Here is my approach:
Let $D = \{X_{1}, . . . , X_{n}\}$
First, we find the expression for the likelihood $p(D|\theta)$
Now $X_{(n)}$ cannot be greater than $\theta$. So, likelihood is $0$ for $\theta < X_{(n)}$
\begin{equation} p(D|\theta) = \begin{cases} 0, & \theta < X_{(n)} \\ 1/\theta^{n}, & \text{otherwise} \end{cases} \end{equation}
The posterior is proportional to prior times likelihood
\begin{equation} p(\theta | D) \propto \begin{cases} 0, & \theta < X_{(n)} \\ \theta^{-n} e^{-\theta}, & \text{otherwise} \end{cases} \end{equation}
Let $\frac{1}{\theta} = \beta$ \begin{equation} p(\beta | D) \propto \begin{cases} 0, & \beta > X_{(n)} \\ \theta^{-n} e^{-\theta}, & 0 < \beta \leq X_{(n)} \end{cases} \end{equation} Bayes estimate of $\beta$, \begin{equation} \hat{\beta} = \mathbb{E}_{p(\beta| D)}[\beta] = \int_{0}^{X_{(n)}} \beta p(\beta|D) d\beta = \int_{0}^{X_{(n)}} \theta^{-(n + 1)}e^{-\theta} d\beta = \int_{X_{(n)}}^{\infty} \theta^{-(n + 3)}e^{-\theta} d\theta \end{equation}
First, I don't know if what I have done till now is correct or not. Second, I have no idea how to solve this integral. Third, is it correct to just find the Bayes estimate of $\theta$ and invert it to get Bayes estimate of $1/\theta$?
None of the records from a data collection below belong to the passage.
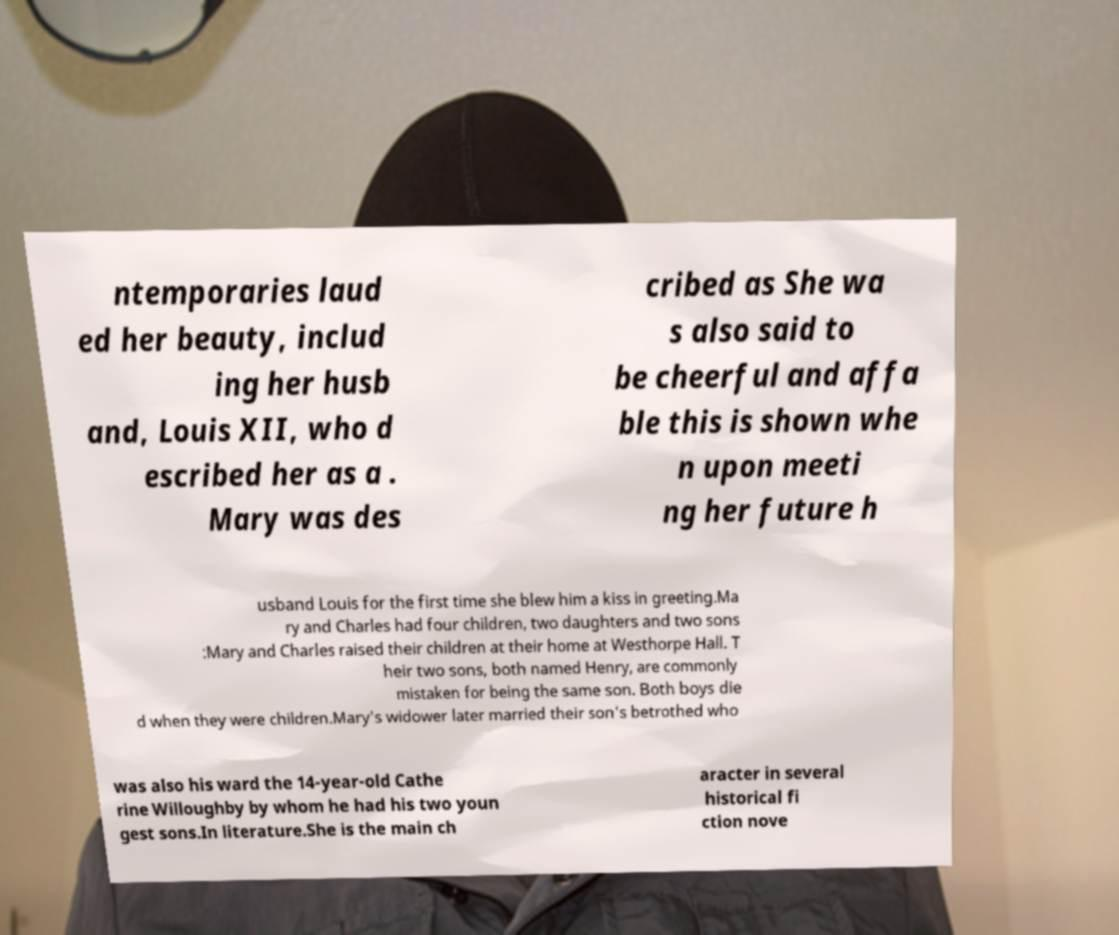What messages or text are displayed in this image? I need them in a readable, typed format. ntemporaries laud ed her beauty, includ ing her husb and, Louis XII, who d escribed her as a . Mary was des cribed as She wa s also said to be cheerful and affa ble this is shown whe n upon meeti ng her future h usband Louis for the first time she blew him a kiss in greeting.Ma ry and Charles had four children, two daughters and two sons :Mary and Charles raised their children at their home at Westhorpe Hall. T heir two sons, both named Henry, are commonly mistaken for being the same son. Both boys die d when they were children.Mary's widower later married their son's betrothed who was also his ward the 14-year-old Cathe rine Willoughby by whom he had his two youn gest sons.In literature.She is the main ch aracter in several historical fi ction nove 
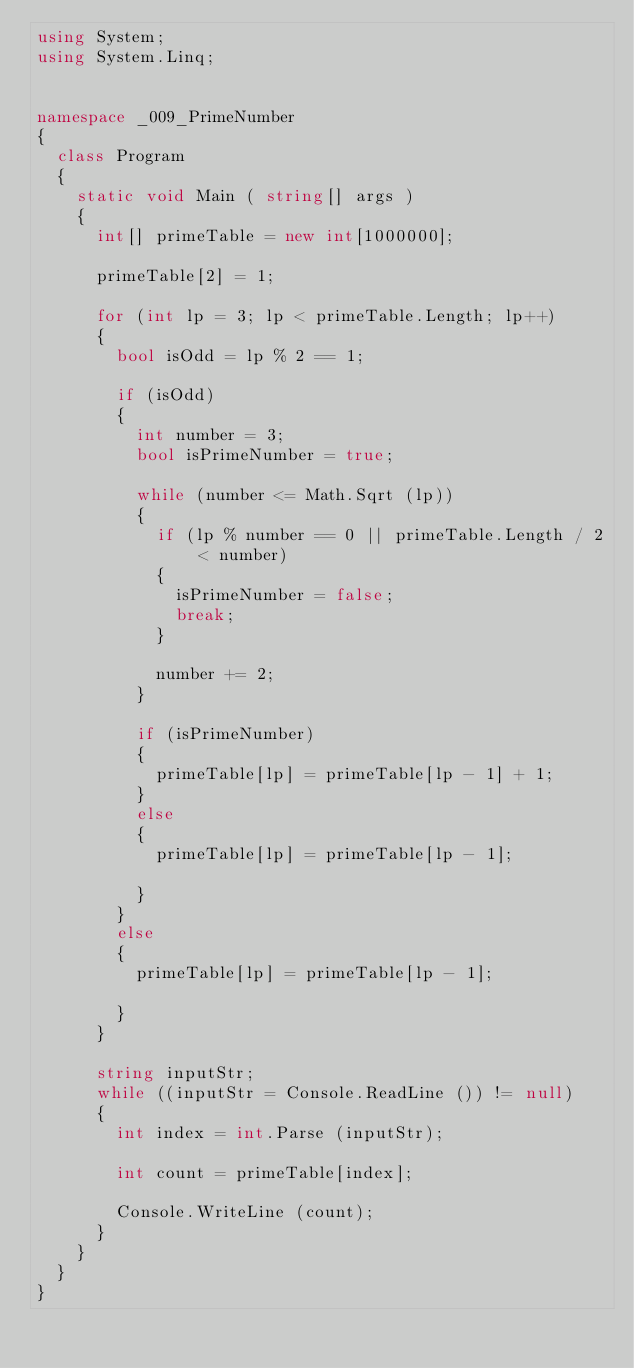<code> <loc_0><loc_0><loc_500><loc_500><_C#_>using System;
using System.Linq;


namespace _009_PrimeNumber
{
	class Program
	{
		static void Main ( string[] args )
		{
			int[] primeTable = new int[1000000];

			primeTable[2] = 1;

			for (int lp = 3; lp < primeTable.Length; lp++)
			{
				bool isOdd = lp % 2 == 1;

				if (isOdd)
				{
					int number = 3;
					bool isPrimeNumber = true;

					while (number <= Math.Sqrt (lp))
					{
						if (lp % number == 0 || primeTable.Length / 2 < number)
						{
							isPrimeNumber = false;
							break;
						}

						number += 2;
					}

					if (isPrimeNumber)
					{
						primeTable[lp] = primeTable[lp - 1] + 1;
					}
					else
					{
						primeTable[lp] = primeTable[lp - 1];						
					}
				}
				else
				{
					primeTable[lp] = primeTable[lp - 1];						
				}
			}

			string inputStr;
			while ((inputStr = Console.ReadLine ()) != null)
			{
				int index = int.Parse (inputStr);

				int count = primeTable[index];

				Console.WriteLine (count);
			}
		}
	}
}</code> 
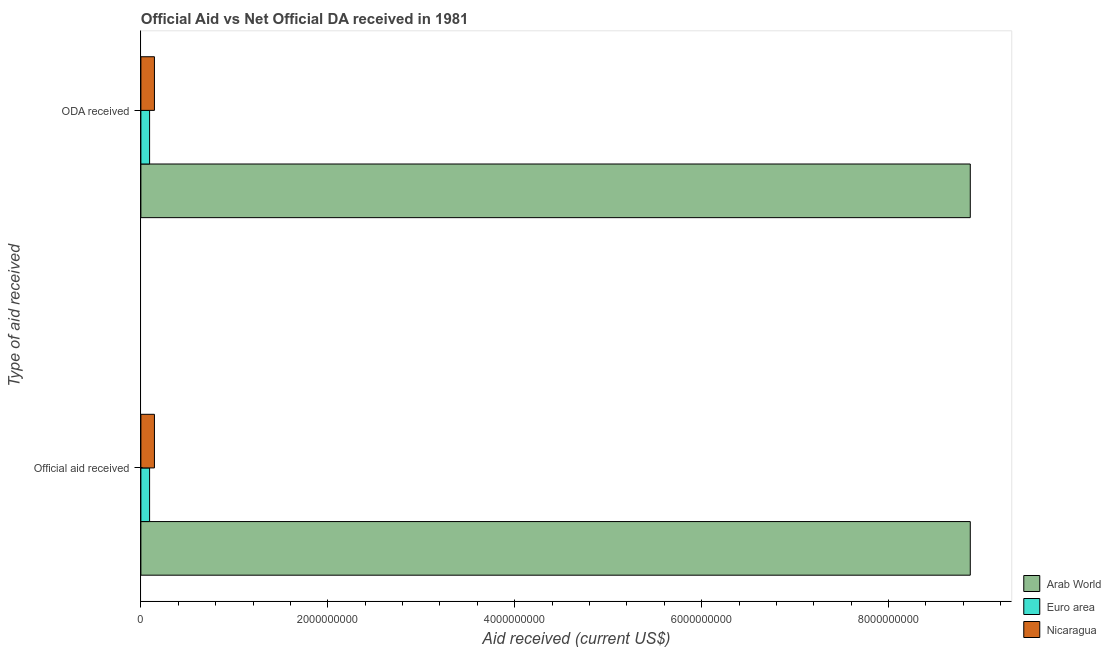How many groups of bars are there?
Keep it short and to the point. 2. How many bars are there on the 2nd tick from the top?
Give a very brief answer. 3. What is the label of the 1st group of bars from the top?
Ensure brevity in your answer.  ODA received. What is the official aid received in Euro area?
Make the answer very short. 9.32e+07. Across all countries, what is the maximum official aid received?
Offer a very short reply. 8.87e+09. Across all countries, what is the minimum oda received?
Your response must be concise. 9.32e+07. In which country was the oda received maximum?
Offer a very short reply. Arab World. In which country was the official aid received minimum?
Offer a very short reply. Euro area. What is the total official aid received in the graph?
Make the answer very short. 9.11e+09. What is the difference between the oda received in Nicaragua and that in Euro area?
Give a very brief answer. 5.18e+07. What is the difference between the official aid received in Euro area and the oda received in Nicaragua?
Provide a short and direct response. -5.18e+07. What is the average official aid received per country?
Provide a short and direct response. 3.04e+09. What is the ratio of the oda received in Nicaragua to that in Arab World?
Ensure brevity in your answer.  0.02. Is the oda received in Nicaragua less than that in Arab World?
Provide a succinct answer. Yes. What does the 2nd bar from the top in ODA received represents?
Offer a very short reply. Euro area. What does the 1st bar from the bottom in ODA received represents?
Keep it short and to the point. Arab World. Where does the legend appear in the graph?
Provide a succinct answer. Bottom right. How many legend labels are there?
Your answer should be compact. 3. What is the title of the graph?
Provide a succinct answer. Official Aid vs Net Official DA received in 1981 . Does "Uruguay" appear as one of the legend labels in the graph?
Give a very brief answer. No. What is the label or title of the X-axis?
Provide a short and direct response. Aid received (current US$). What is the label or title of the Y-axis?
Your answer should be compact. Type of aid received. What is the Aid received (current US$) in Arab World in Official aid received?
Provide a succinct answer. 8.87e+09. What is the Aid received (current US$) of Euro area in Official aid received?
Your answer should be compact. 9.32e+07. What is the Aid received (current US$) of Nicaragua in Official aid received?
Offer a very short reply. 1.45e+08. What is the Aid received (current US$) in Arab World in ODA received?
Your answer should be very brief. 8.87e+09. What is the Aid received (current US$) in Euro area in ODA received?
Your response must be concise. 9.32e+07. What is the Aid received (current US$) of Nicaragua in ODA received?
Keep it short and to the point. 1.45e+08. Across all Type of aid received, what is the maximum Aid received (current US$) of Arab World?
Make the answer very short. 8.87e+09. Across all Type of aid received, what is the maximum Aid received (current US$) of Euro area?
Ensure brevity in your answer.  9.32e+07. Across all Type of aid received, what is the maximum Aid received (current US$) of Nicaragua?
Your response must be concise. 1.45e+08. Across all Type of aid received, what is the minimum Aid received (current US$) of Arab World?
Offer a terse response. 8.87e+09. Across all Type of aid received, what is the minimum Aid received (current US$) of Euro area?
Give a very brief answer. 9.32e+07. Across all Type of aid received, what is the minimum Aid received (current US$) of Nicaragua?
Give a very brief answer. 1.45e+08. What is the total Aid received (current US$) of Arab World in the graph?
Offer a very short reply. 1.77e+1. What is the total Aid received (current US$) in Euro area in the graph?
Provide a succinct answer. 1.86e+08. What is the total Aid received (current US$) in Nicaragua in the graph?
Provide a succinct answer. 2.90e+08. What is the difference between the Aid received (current US$) in Nicaragua in Official aid received and that in ODA received?
Provide a short and direct response. 0. What is the difference between the Aid received (current US$) in Arab World in Official aid received and the Aid received (current US$) in Euro area in ODA received?
Your answer should be very brief. 8.78e+09. What is the difference between the Aid received (current US$) of Arab World in Official aid received and the Aid received (current US$) of Nicaragua in ODA received?
Give a very brief answer. 8.73e+09. What is the difference between the Aid received (current US$) of Euro area in Official aid received and the Aid received (current US$) of Nicaragua in ODA received?
Provide a short and direct response. -5.18e+07. What is the average Aid received (current US$) of Arab World per Type of aid received?
Provide a short and direct response. 8.87e+09. What is the average Aid received (current US$) of Euro area per Type of aid received?
Ensure brevity in your answer.  9.32e+07. What is the average Aid received (current US$) in Nicaragua per Type of aid received?
Offer a terse response. 1.45e+08. What is the difference between the Aid received (current US$) in Arab World and Aid received (current US$) in Euro area in Official aid received?
Offer a terse response. 8.78e+09. What is the difference between the Aid received (current US$) in Arab World and Aid received (current US$) in Nicaragua in Official aid received?
Offer a terse response. 8.73e+09. What is the difference between the Aid received (current US$) in Euro area and Aid received (current US$) in Nicaragua in Official aid received?
Your answer should be very brief. -5.18e+07. What is the difference between the Aid received (current US$) of Arab World and Aid received (current US$) of Euro area in ODA received?
Your response must be concise. 8.78e+09. What is the difference between the Aid received (current US$) in Arab World and Aid received (current US$) in Nicaragua in ODA received?
Your answer should be compact. 8.73e+09. What is the difference between the Aid received (current US$) of Euro area and Aid received (current US$) of Nicaragua in ODA received?
Make the answer very short. -5.18e+07. What is the ratio of the Aid received (current US$) of Nicaragua in Official aid received to that in ODA received?
Your answer should be compact. 1. What is the difference between the highest and the second highest Aid received (current US$) in Arab World?
Give a very brief answer. 0. What is the difference between the highest and the second highest Aid received (current US$) in Nicaragua?
Keep it short and to the point. 0. What is the difference between the highest and the lowest Aid received (current US$) of Euro area?
Provide a short and direct response. 0.

First you have to normalize you posterior which results
$$\pi(\theta|\mathbf{x})=\frac{1}{\Gamma[1-n,x_{(n)}]}\theta^{-n}e^{-\theta}\cdot\mathbb{1}_{(x_{(n)};+\infty)}(\theta)$$
Then, given that the loss function is quadratic, Bayes estimation is the posterior expectation, that is
$$\mathbb{E}\left[\frac{1}{\theta};\mathbf{x}\right]=\frac{1}{\Gamma[1-n,x_{(n)}]}\int_{x_{(n)}}^{+\infty}\theta^{-(n+1)}e^{-\theta} d\theta=\frac{\Gamma[-n,x_{(n)}]}{\Gamma[1-n,x_{(n)}]}$$